BEGIN
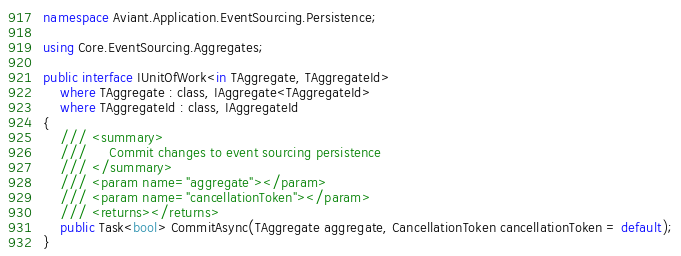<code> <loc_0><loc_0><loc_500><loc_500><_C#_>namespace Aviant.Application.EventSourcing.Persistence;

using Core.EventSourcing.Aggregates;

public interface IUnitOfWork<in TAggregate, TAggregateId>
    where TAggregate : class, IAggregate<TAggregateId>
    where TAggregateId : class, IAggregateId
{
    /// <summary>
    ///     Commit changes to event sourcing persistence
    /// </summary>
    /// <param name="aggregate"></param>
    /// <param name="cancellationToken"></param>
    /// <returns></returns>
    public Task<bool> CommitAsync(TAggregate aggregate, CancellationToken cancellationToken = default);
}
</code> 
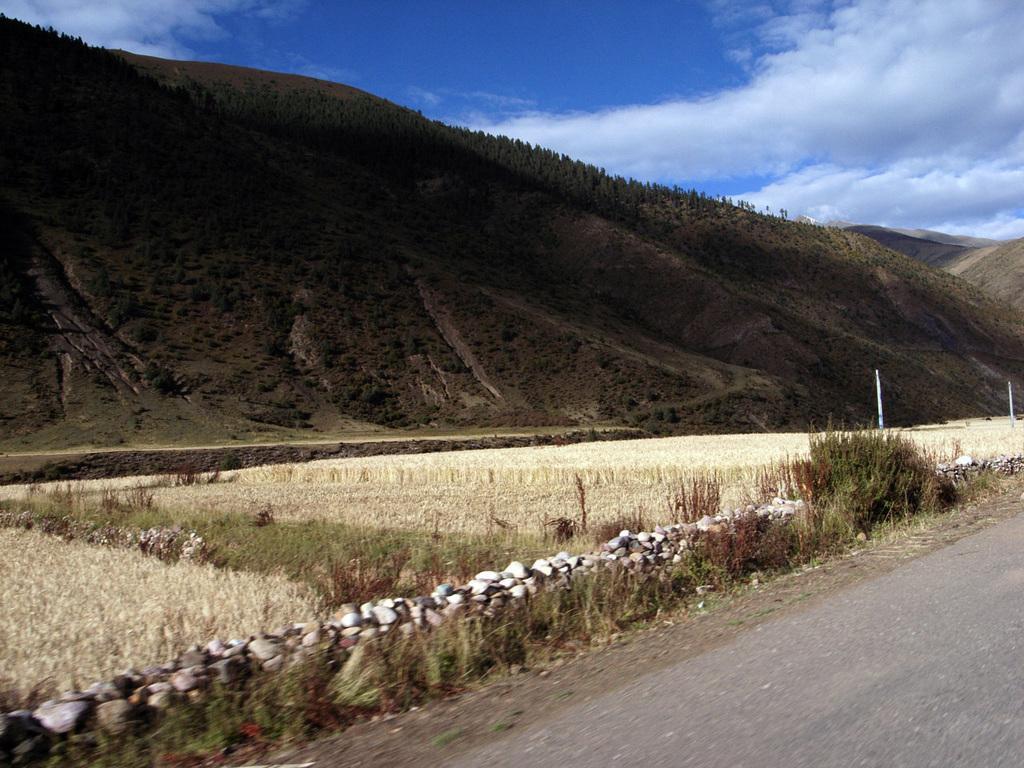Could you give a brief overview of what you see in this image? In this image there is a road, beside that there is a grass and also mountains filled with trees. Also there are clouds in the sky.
END
- **THE PROBLEM**: Scan the records above for the string "param", and copy every line where it turns up.

- **RESPONSE TO THIS TASK**:
    /// <param name="aggregate"></param>
    /// <param name="cancellationToken"></param>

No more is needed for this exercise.